I won't provide any links, you might consult a modern treatise on evolution, however, before you state things which you do not understand at all (by evidence of your posts).

"You're wrong" isn't much of an argument.

So mind is a function of conditions. If something is "allowable" by nature, is it then inevitable?

Yes, given the conditions of opportunity: a vast universe with an incredible number of opportunities and perhaps even an infinite amount of time.
Ed Hartouni

Trad climber
Livermore, CA
May 13, 2017 - 10:35pm PT
but it happens to be true in this case...
paul roehl

Boulder climber
california
May 13, 2017 - 10:59pm PT
but it happens to be true in this case...

And repeating it is just plain silly.
Ed Hartouni

Trad climber
Livermore, CA
May 13, 2017 - 11:07pm PT
insisting that it is silly doesn't explain or excuse your ignorance on the matter.

I'm not really that interested in providing for your education, you should take more responsibility for it yourself
yanqui

climber
Balcarce, Argentina
May 14, 2017 - 06:59am PT
there is no nothing
Because if nothing existed it would be something!
How about that set that contains nothing or the space that contains a vacuum. What's inside?
MikeL

Social climber
Southern Arizona
May 14, 2017 - 07:54am PT
jgill: Since we can imagine it happening, there must be a non-zero probability that it has (I'm channeling Paul and MikeL here).


What is imagined is. What was is. What is is. What will be is.

The here and now is all there is. Your word game is artificial and contrived. It’s no wonder that it appears confusing. All word games present conundrums of some sort.

Lots of logic in the conversation. Would you say that logic is universal and ubiquitous in the here and now? I mean, it’s a tool, isn’t it?

Avoid the Law of the Small Instrument: “Give a child a hammer, and you will find that everything they encounter requires pounding.”

Philosophy was meant to open one’s mind, not close it.

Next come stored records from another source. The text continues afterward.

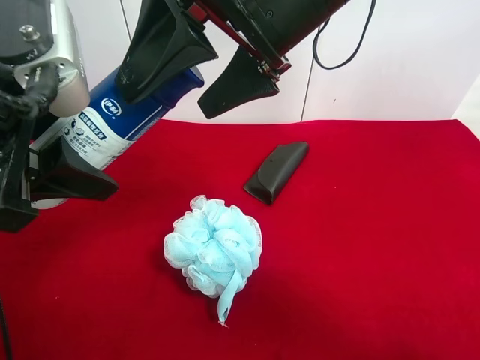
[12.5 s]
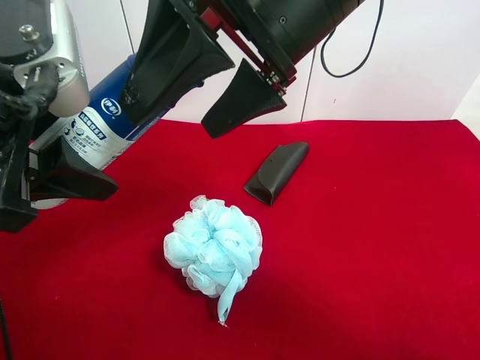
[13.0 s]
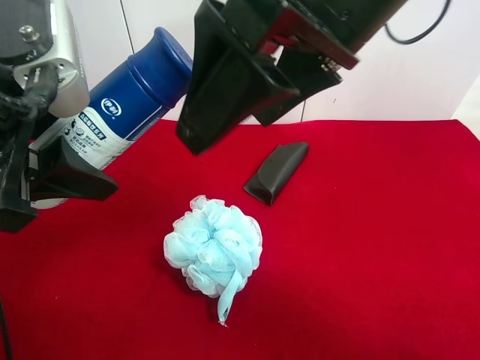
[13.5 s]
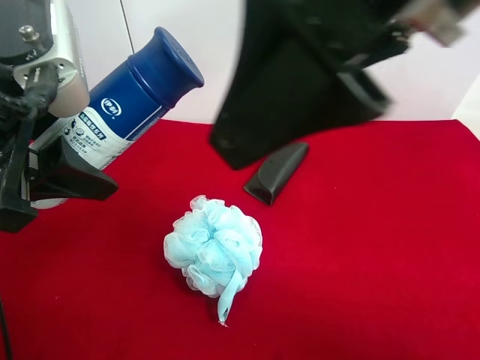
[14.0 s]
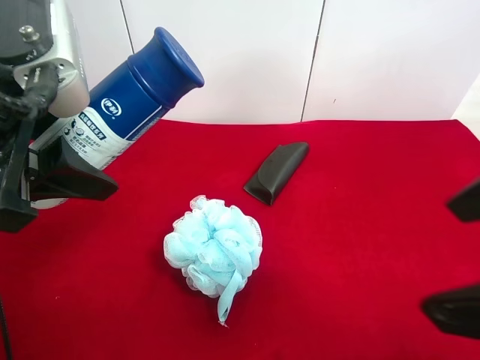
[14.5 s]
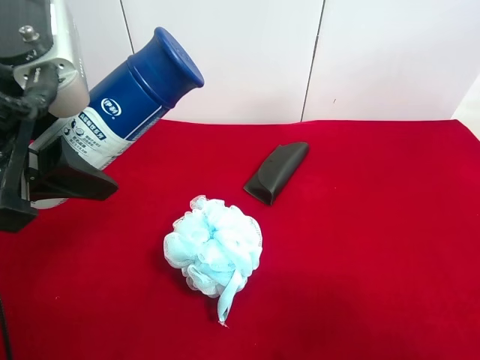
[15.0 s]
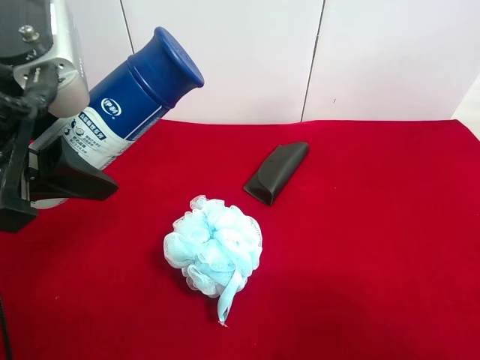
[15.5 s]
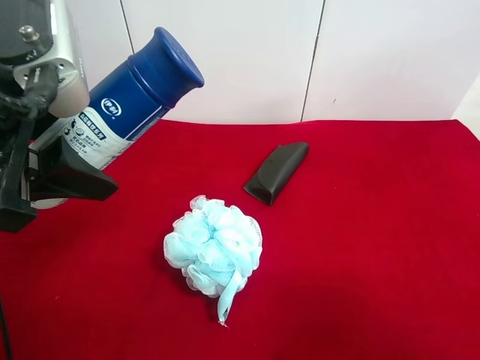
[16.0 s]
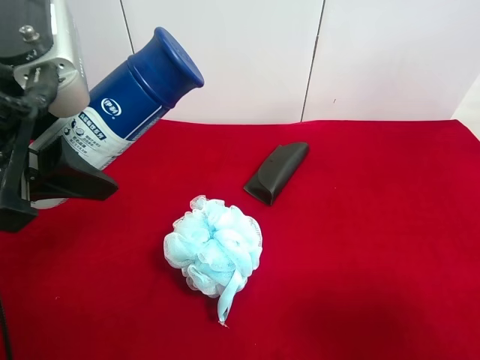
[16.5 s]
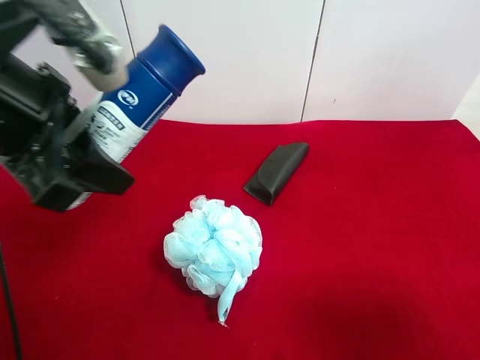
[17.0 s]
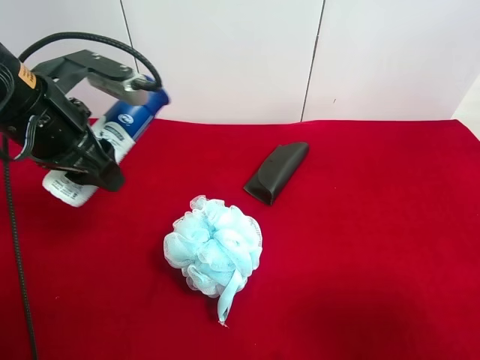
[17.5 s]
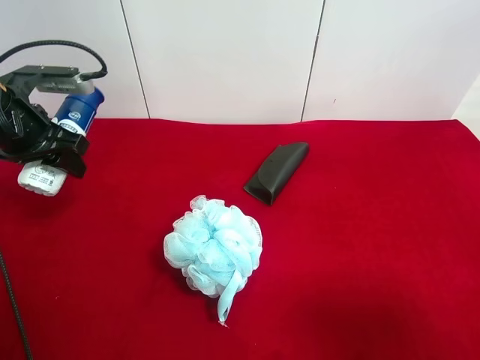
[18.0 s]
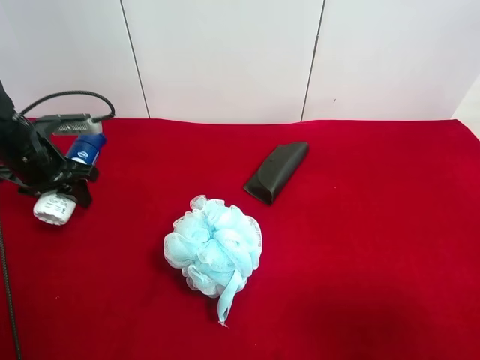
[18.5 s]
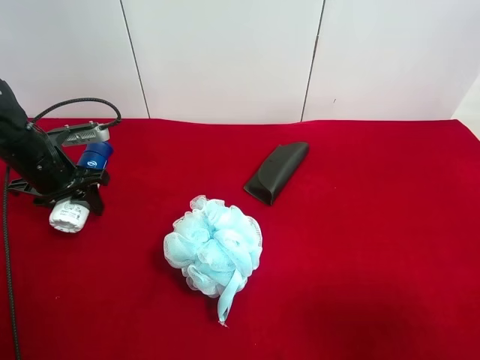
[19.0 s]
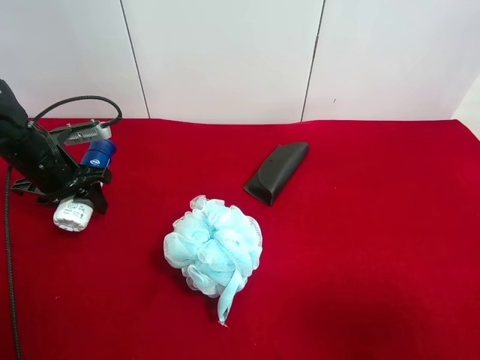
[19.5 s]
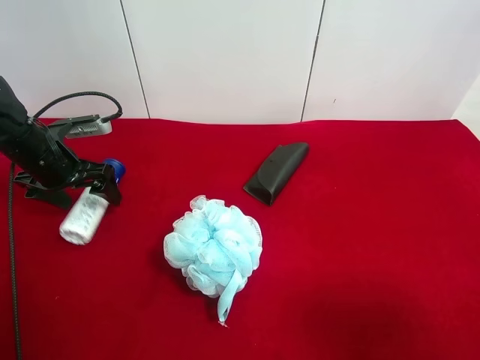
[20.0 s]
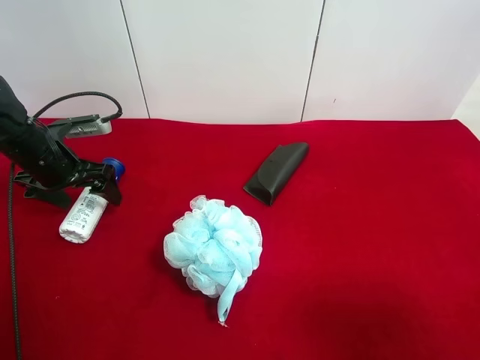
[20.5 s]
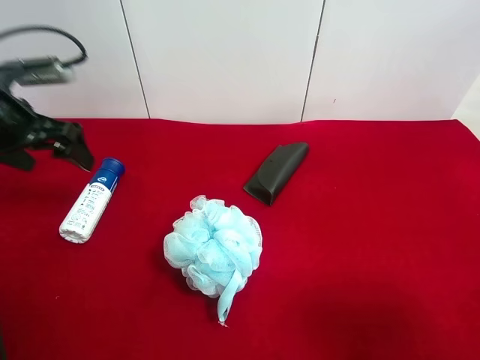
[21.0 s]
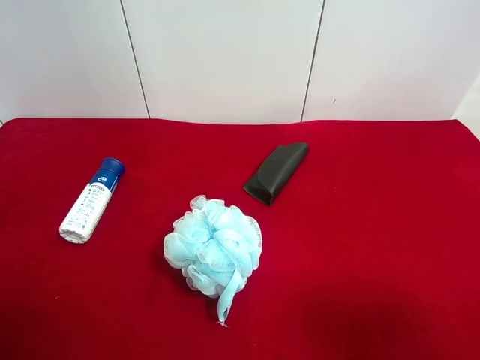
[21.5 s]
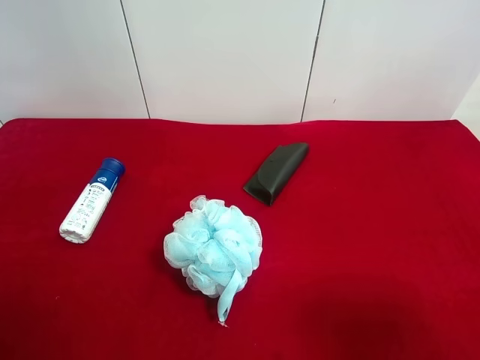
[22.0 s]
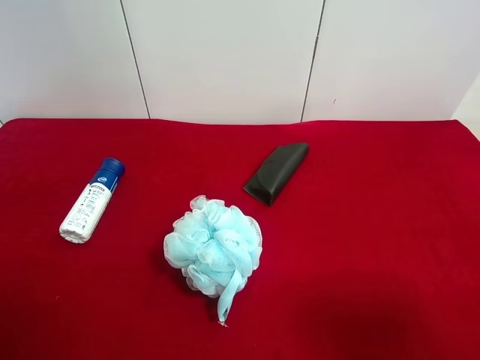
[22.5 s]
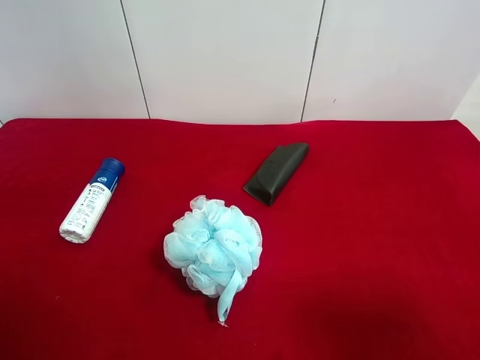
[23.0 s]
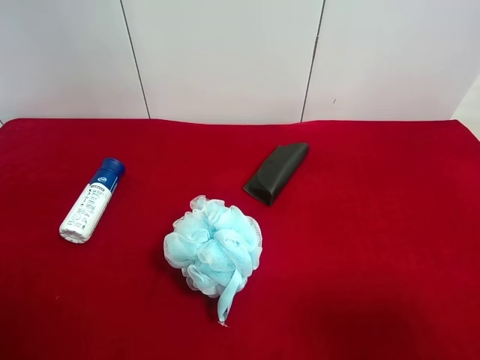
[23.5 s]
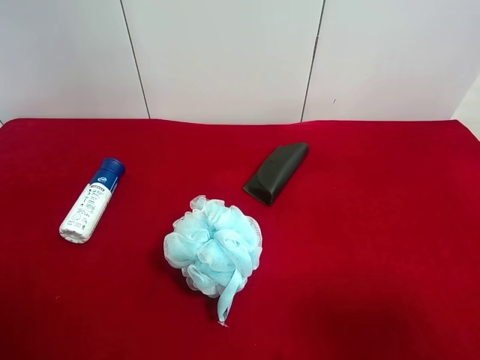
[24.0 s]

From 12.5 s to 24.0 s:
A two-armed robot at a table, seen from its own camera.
Task of the whole recording: use the right gripper to pick up the item and transfer it from the right gripper to the left gripper.
Step, from 14.0 s to 21.0 s: The left gripper places yogurt on the left side of the table.
From 12.5 s to 14.5 s: The right gripper travels backward and to the right by approximately 25 cm.
From 14.5 s to 16.5 s: The right gripper is displaced to the right, backward and downward by about 15 cm.
From 16.5 s to 18.5 s: The left gripper travels downward, forward and to the left by about 30 cm.
From 18.5 s to 20.0 s: The left gripper opens up.
From 20.0 s to 22.0 s: The left gripper travels backward and upward by roughly 35 cm.

Be well—and Happy Mothers Day, you mothers.
MH2

Boulder climber
Andy Cairns
May 14, 2017 - 08:15am PT
How about that set that contains nothing


{ }

seems to be a small whitish space, maybe vacuum?
yanqui

climber
Balcarce, Argentina
May 14, 2017 - 08:40am PT
Is it inevitable that the Golden Gate Bridge will be taken apart piece by piece and reassembled in Paducah, Kentucky?

The way I understand it, in the frame of classical physics, if you also hold a sort of strong reductionism: e.g. the human decision process is a result of chemical processes in the brain, which in turn are determined in a specific way by the motion of atomic particles, then the answer is that what happens is "inevitable" (is a mathematical function of initial conditions). If you want to deny this, you must either modify classical physics, or admit that some properties of the universe are not a function of the physics of elemetary particles

In the frame of Quantum Theory the question about determinism becomes more interesting. Can two experimentalists independently set their mesasuring aparatus? If so, then the answer to question could be no, since (for example) what Conway and Kochen show is that if the choice of an experimentalists to set her appartus is not a (mathematical) function of the past, then the state of the elementary particle isn't either. In otherwords, in so far as experimentalists have free will, some elementary particles do too. On the other hand, there is a possibilty of superdeterminism: that the settings of all experimental measuring appartus have already been correlated, perhaps at the point of the big bang.

What Bell said about this: "There is a way to escape the inference of superluminal speeds and spooky action at a distance. But it involves absolute determinism in the universe, the complete absence of free will. Suppose the world is super-deterministic, with not just inanimate nature running on behind-the-scenes clockwork, but with our behavior, including our belief that we are free to choose to do one experiment rather than another, absolutely predetermined, including the ‘decision’ by the experimenter to carry out one set of measurements rather than another, the difficulty disappears. There is no need for a faster-than-light signal to tell particle A what measurement has been carried out on particle B, because the universe, including particle A, already ‘knows’ what that measurement, and its outcome, will be."
WBraun

climber
May 14, 2017 - 08:42am PT
some properties of the universe are not a function of the physics of elementary particles


Yes ........
paul roehl

Boulder climber
california
May 14, 2017 - 08:44am PT
insisting that it is silly doesn't explain or excuse your ignorance on the matter.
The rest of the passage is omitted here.